The Pink Ribbon Place was established in 2009 and merged under Riverside Community Health Foundation, a 501(c)3 Non-Profit Organization, as a fundamental program in 2013.
“Funding programs like The Pink Ribbon Place is a vital component of our ongoing commitment to the Inland community,” Shango Founder and CEO Brandon Rexroad said. “This is the one of the most effective ways we can help breast cancer survivors.”
The program serves Inland Empire families impacted by cancer by providing products such as wigs, post-surgical undergarments, breast prosthesis, education, and support services – all at no cost.
“The Pink Ribbon Place team is so grateful for businesses like Shango,” said Terri Akens, Director of Community Health Programs. “These efforts directly impact our ability to continue offering quality services at no cost to individuals and families impacted by cancer throughout the Inland Empire.”
Despite opening its doors during the pandemic, Shango Moreno Valley made its presence felt immediately in the community by donating nearly three tons of food to Unity of Faith Christian Outreach Ministries to help local residents in need during the pandemic.
Shango collected items at its Moreno Valley dispensary and coordinated its efforts with Food for Farms, a Mendocino County-based farmers consortium, that provided boxes of fresh food from farms 600 to 700 miles from Moreno Valley.
The group is part of Madrone Grown, a group of Mendocino vegetable and cannabis farmers. The farms are Independently owned and operated by Californians. For more info, see Madronegrown.com.
“This was a golden opportunity to get fresh produce to people of need,” one organizer said. “With restaurants and stores not needing as much produce, we were able to find a large population who needed food and needed it now.”
“We were delighted that this enormous venture has found its way to the needy families in our area,” said Rev. Cooper Hagans III of Faith Christian Outreach Ministries. “The need is so great that we need to accept as much as we can.”
Hagans’ food program needs doubled from 7,500 people a month to 15,000 when the pandemic took hold. Donations included fresh lettuce, squash, green beans and peas, as well as other offerings.
In 2020 and 2021, Shango Moreno Valley held three food drives in six months, but none bigger than the 2,500 pounds delivered to Unity of Faith Christian.
“We went to the weigh station, and it came out right at 2,500 pounds,” Hagans said. “This was the biggest contribution to our program from Shango. They just keep getting bigger and bigger.” A second truckload of food was delivered during the Christmas holidays.
“We have had hundreds of people respond with kindness in a time of great challenge,” said Controller Julie Dubocq.”
Shango first teamed up with Foods for Farms in 2019 to help supply turkeys, fresh food and canned goods to those in need at Thanksgiving.
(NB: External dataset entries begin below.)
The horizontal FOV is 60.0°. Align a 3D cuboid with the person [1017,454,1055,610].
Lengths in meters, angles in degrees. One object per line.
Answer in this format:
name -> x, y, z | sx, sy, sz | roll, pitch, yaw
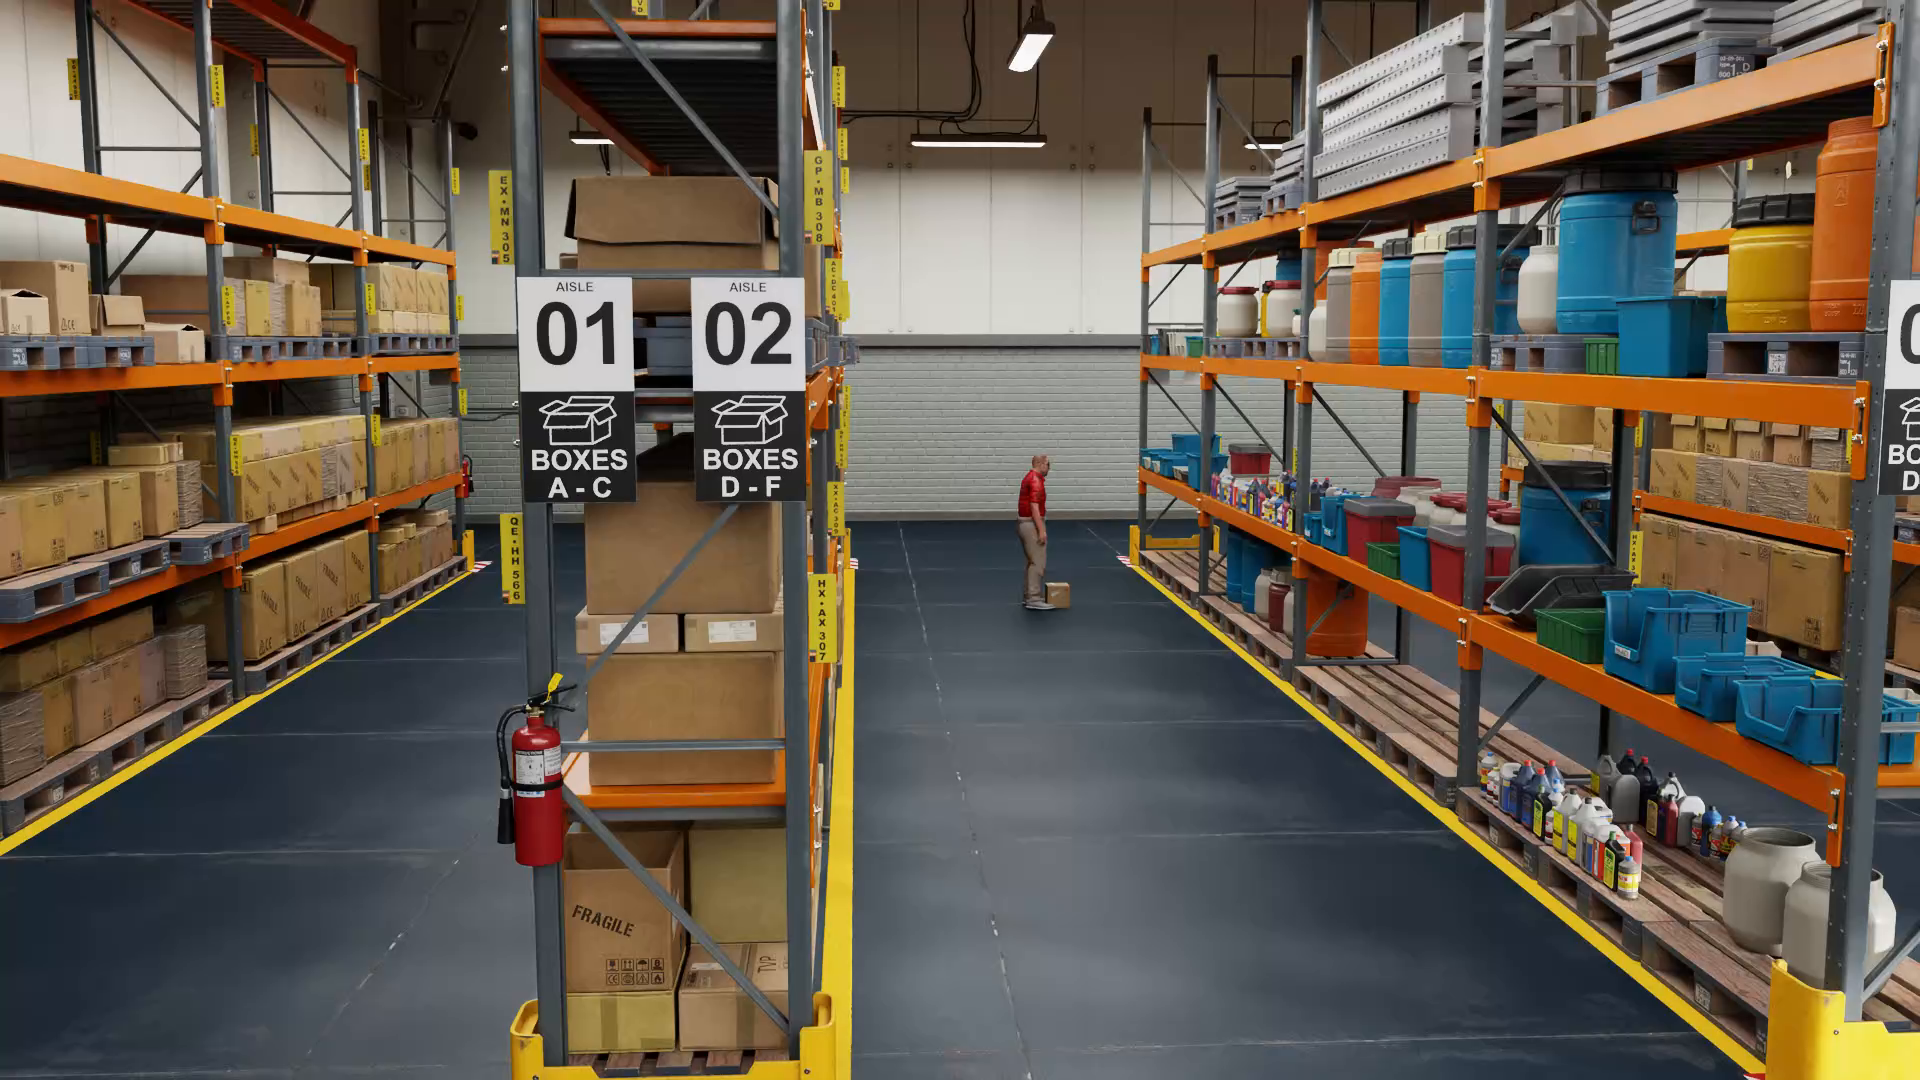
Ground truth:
person -> 0.848, -0.107, 18.695 | 0.399, 1.727, 0.606 | -1, 7, -7

The Shango Thanksgiving Food Drive resumed in 2022.
Shango is always looking for new opportunities to serve the communities we call home and new ways to increase the personal, professional and financial support we provide. As we continue to grow in our six state markets and across America, we look forward to partnering with exceptional public, civic and charitable organizations that will help us write the next chapter in our ongoing history of giving.